• PROBLEM DETAILS:
What you return should match the data word for word, minus the images.

• Excerpts from a dataset:
== Segment start ==
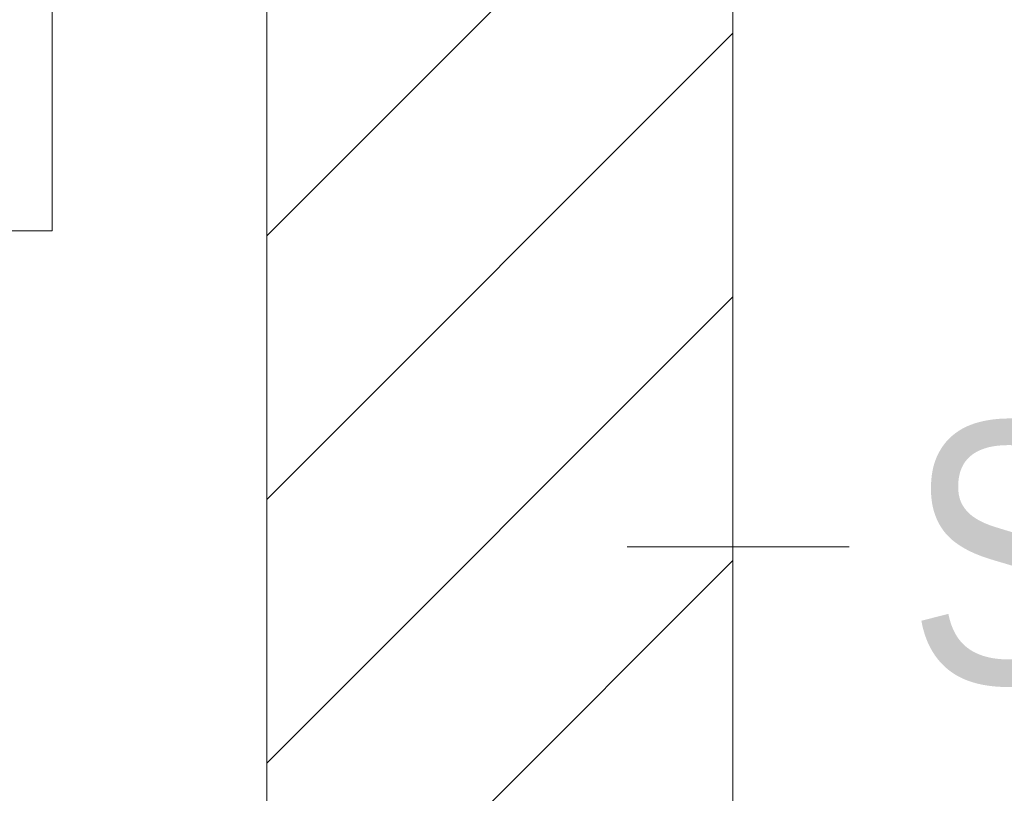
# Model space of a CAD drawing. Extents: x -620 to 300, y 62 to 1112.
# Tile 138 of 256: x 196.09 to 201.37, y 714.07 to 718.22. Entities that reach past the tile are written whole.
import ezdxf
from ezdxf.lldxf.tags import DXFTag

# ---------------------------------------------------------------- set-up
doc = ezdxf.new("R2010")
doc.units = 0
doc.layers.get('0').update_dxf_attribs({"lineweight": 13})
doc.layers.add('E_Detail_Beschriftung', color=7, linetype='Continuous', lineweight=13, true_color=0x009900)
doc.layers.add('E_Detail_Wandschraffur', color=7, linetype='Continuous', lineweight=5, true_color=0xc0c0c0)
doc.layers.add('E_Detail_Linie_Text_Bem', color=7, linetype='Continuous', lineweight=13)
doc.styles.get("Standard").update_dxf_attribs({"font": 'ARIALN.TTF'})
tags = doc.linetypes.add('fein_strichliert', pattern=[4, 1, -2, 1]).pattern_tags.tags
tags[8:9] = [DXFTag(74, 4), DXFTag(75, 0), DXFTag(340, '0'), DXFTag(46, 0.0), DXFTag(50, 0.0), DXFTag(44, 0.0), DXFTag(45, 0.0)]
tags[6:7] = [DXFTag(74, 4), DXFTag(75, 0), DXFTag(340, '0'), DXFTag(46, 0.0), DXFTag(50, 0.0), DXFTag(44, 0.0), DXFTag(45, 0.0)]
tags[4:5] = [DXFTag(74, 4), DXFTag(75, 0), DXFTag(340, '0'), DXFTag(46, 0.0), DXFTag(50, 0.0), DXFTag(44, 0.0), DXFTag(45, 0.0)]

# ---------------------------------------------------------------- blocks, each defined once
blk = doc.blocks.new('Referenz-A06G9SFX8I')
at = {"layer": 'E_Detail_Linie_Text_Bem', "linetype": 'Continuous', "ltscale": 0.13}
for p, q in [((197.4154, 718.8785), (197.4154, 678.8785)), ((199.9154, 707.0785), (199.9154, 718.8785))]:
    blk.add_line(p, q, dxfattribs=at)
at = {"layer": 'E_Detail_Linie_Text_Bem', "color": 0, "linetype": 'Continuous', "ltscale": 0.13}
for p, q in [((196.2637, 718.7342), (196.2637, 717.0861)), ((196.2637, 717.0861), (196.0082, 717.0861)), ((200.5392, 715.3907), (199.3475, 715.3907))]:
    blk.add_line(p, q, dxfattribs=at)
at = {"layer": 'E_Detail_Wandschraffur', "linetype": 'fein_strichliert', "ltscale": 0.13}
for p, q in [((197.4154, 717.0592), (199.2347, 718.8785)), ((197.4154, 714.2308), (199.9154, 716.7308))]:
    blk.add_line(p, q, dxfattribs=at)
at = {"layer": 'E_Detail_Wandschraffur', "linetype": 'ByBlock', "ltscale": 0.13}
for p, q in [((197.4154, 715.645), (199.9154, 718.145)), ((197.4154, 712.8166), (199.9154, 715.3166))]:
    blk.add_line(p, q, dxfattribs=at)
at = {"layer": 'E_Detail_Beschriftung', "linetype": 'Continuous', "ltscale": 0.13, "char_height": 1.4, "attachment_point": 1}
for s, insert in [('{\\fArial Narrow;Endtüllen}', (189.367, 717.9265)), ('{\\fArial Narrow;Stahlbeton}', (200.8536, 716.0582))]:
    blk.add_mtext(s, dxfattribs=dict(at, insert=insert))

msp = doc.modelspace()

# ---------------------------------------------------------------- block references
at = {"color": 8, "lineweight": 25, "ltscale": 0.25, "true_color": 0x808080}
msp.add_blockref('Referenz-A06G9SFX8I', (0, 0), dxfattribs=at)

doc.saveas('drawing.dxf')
== Segment end ==
• WRITTEN SOLUTION:
# Model space of a CAD drawing. Extents: x -620 to 300, y 62 to 1112.
# Tile 138 of 256: x 196.09 to 201.37, y 714.07 to 718.22. Entities that reach past the tile are written whole.
import ezdxf
from ezdxf.lldxf.tags import DXFTag

# ---------------------------------------------------------------- set-up
doc = ezdxf.new("R2010")
doc.units = 0
doc.layers.get('0').update_dxf_attribs({"lineweight": 13})
doc.layers.add('E_Detail_Beschriftung', color=7, linetype='Continuous', lineweight=13, true_color=0x009900)
doc.layers.add('E_Detail_Wandschraffur', color=7, linetype='Continuous', lineweight=5, true_color=0xc0c0c0)
doc.layers.add('E_Detail_Linie_Text_Bem', color=7, linetype='Continuous', lineweight=13)
doc.styles.get("Standard").update_dxf_attribs({"font": 'ARIALN.TTF'})
tags = doc.linetypes.add('fein_strichliert', pattern=[4, 1, -2, 1]).pattern_tags.tags
tags[8:9] = [DXFTag(74, 4), DXFTag(75, 0), DXFTag(340, '0'), DXFTag(46, 0.0), DXFTag(50, 0.0), DXFTag(44, 0.0), DXFTag(45, 0.0)]
tags[6:7] = [DXFTag(74, 4), DXFTag(75, 0), DXFTag(340, '0'), DXFTag(46, 0.0), DXFTag(50, 0.0), DXFTag(44, 0.0), DXFTag(45, 0.0)]
tags[4:5] = [DXFTag(74, 4), DXFTag(75, 0), DXFTag(340, '0'), DXFTag(46, 0.0), DXFTag(50, 0.0), DXFTag(44, 0.0), DXFTag(45, 0.0)]

# ---------------------------------------------------------------- blocks, each defined once
blk = doc.blocks.new('Referenz-A06G9SFX8I')
at = {"layer": 'E_Detail_Linie_Text_Bem', "linetype": 'Continuous', "ltscale": 0.13}
for p, q in [((197.4154, 718.8785), (197.4154, 678.8785)), ((199.9154, 707.0785), (199.9154, 718.8785))]:
    blk.add_line(p, q, dxfattribs=at)
at = {"layer": 'E_Detail_Linie_Text_Bem', "color": 0, "linetype": 'Continuous', "ltscale": 0.13}
for p, q in [((196.2637, 718.7342), (196.2637, 717.0861)), ((196.2637, 717.0861), (196.0082, 717.0861)), ((200.5392, 715.3907), (199.3475, 715.3907))]:
    blk.add_line(p, q, dxfattribs=at)
at = {"layer": 'E_Detail_Wandschraffur', "linetype": 'fein_strichliert', "ltscale": 0.13}
for p, q in [((197.4154, 717.0592), (199.2347, 718.8785)), ((197.4154, 714.2308), (199.9154, 716.7308))]:
    blk.add_line(p, q, dxfattribs=at)
at = {"layer": 'E_Detail_Wandschraffur', "linetype": 'ByBlock', "ltscale": 0.13}
for p, q in [((197.4154, 715.645), (199.9154, 718.145)), ((197.4154, 712.8166), (199.9154, 715.3166))]:
    blk.add_line(p, q, dxfattribs=at)
at = {"layer": 'E_Detail_Beschriftung', "linetype": 'Continuous', "ltscale": 0.13, "char_height": 1.4, "attachment_point": 1}
for s, insert in [('{\\fArial Narrow;Endtüllen}', (189.367, 717.9265)), ('{\\fArial Narrow;Stahlbeton}', (200.8536, 716.0582))]:
    blk.add_mtext(s, dxfattribs=dict(at, insert=insert))

msp = doc.modelspace()

# ---------------------------------------------------------------- block references
at = {"color": 8, "lineweight": 25, "ltscale": 0.25, "true_color": 0x808080}
msp.add_blockref('Referenz-A06G9SFX8I', (0, 0), dxfattribs=at)

doc.saveas('drawing.dxf')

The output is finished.